# [Input]
━━━━━━

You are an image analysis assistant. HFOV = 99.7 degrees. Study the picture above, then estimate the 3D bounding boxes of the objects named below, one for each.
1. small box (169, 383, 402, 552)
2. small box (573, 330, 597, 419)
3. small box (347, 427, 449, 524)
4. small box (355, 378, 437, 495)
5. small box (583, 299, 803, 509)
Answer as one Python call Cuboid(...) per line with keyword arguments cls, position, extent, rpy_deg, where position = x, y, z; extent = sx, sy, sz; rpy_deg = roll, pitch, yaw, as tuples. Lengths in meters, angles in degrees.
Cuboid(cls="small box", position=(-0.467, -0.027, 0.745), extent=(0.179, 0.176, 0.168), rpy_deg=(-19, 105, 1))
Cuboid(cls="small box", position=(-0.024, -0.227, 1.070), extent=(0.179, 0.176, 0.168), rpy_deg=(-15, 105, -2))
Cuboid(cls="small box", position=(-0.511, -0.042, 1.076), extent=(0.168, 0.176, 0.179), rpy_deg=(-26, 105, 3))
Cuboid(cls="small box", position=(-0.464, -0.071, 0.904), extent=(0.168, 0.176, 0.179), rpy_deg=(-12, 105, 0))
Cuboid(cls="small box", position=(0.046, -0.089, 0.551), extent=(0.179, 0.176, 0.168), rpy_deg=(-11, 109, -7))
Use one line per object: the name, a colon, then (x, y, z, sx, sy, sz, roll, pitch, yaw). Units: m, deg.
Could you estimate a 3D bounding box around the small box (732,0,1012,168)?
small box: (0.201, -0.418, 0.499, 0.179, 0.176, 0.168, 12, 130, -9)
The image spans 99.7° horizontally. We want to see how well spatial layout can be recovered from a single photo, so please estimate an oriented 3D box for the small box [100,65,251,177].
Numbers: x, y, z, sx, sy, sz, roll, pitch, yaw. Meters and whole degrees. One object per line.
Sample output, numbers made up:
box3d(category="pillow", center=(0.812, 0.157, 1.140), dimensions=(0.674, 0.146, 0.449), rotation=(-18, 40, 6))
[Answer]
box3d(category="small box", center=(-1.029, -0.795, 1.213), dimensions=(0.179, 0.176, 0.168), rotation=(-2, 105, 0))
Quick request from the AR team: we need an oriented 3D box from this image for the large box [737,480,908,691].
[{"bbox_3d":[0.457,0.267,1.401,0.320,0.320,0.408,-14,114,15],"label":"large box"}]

━━━━━━

# [How to complete this task]
Repeat the entries above exactly, leaving nothing out.

# [Final answer]
You are an image analysis assistant. HFOV = 99.7 degrees. Study the picture above, then estimate the 3D bounding boxes of the objects named below, one for each.
1. small box (169, 383, 402, 552)
2. small box (573, 330, 597, 419)
3. small box (347, 427, 449, 524)
4. small box (355, 378, 437, 495)
5. small box (583, 299, 803, 509)
Answer as one Python call Cuboid(...) per line with keyword arguments cls, position, extent, rpy_deg, where position = x, y, z; extent = sx, sy, sz; rpy_deg = roll, pitch, yaw, as tuples. Lengths in meters, angles in degrees.
Cuboid(cls="small box", position=(-0.467, -0.027, 0.745), extent=(0.179, 0.176, 0.168), rpy_deg=(-19, 105, 1))
Cuboid(cls="small box", position=(-0.024, -0.227, 1.070), extent=(0.179, 0.176, 0.168), rpy_deg=(-15, 105, -2))
Cuboid(cls="small box", position=(-0.511, -0.042, 1.076), extent=(0.168, 0.176, 0.179), rpy_deg=(-26, 105, 3))
Cuboid(cls="small box", position=(-0.464, -0.071, 0.904), extent=(0.168, 0.176, 0.179), rpy_deg=(-12, 105, 0))
Cuboid(cls="small box", position=(0.046, -0.089, 0.551), extent=(0.179, 0.176, 0.168), rpy_deg=(-11, 109, -7))
Use one line per object: the name, a colon, then (x, y, z, sx, sy, sz, roll, pitch, yaw). Units: m, deg.
Could you estimate a 3D bounding box around the small box (732,0,1012,168)?
small box: (0.201, -0.418, 0.499, 0.179, 0.176, 0.168, 12, 130, -9)
The image spans 99.7° horizontally. We want to see how well spatial layout can be recovered from a single photo, so please estimate an oriented 3D box for the small box [100,65,251,177].
Numbers: x, y, z, sx, sy, sz, roll, pitch, yaw. Meters and whole degrees. One object per line.
Sample output, numbers made up:
box3d(category="pillow", center=(0.812, 0.157, 1.140), dimensions=(0.674, 0.146, 0.449), rotation=(-18, 40, 6))
[Answer]
box3d(category="small box", center=(-1.029, -0.795, 1.213), dimensions=(0.179, 0.176, 0.168), rotation=(-2, 105, 0))
Quick request from the AR team: we need an oriented 3D box from this image for the large box [737,480,908,691].
[{"bbox_3d":[0.457,0.267,1.401,0.320,0.320,0.408,-14,114,15],"label":"large box"}]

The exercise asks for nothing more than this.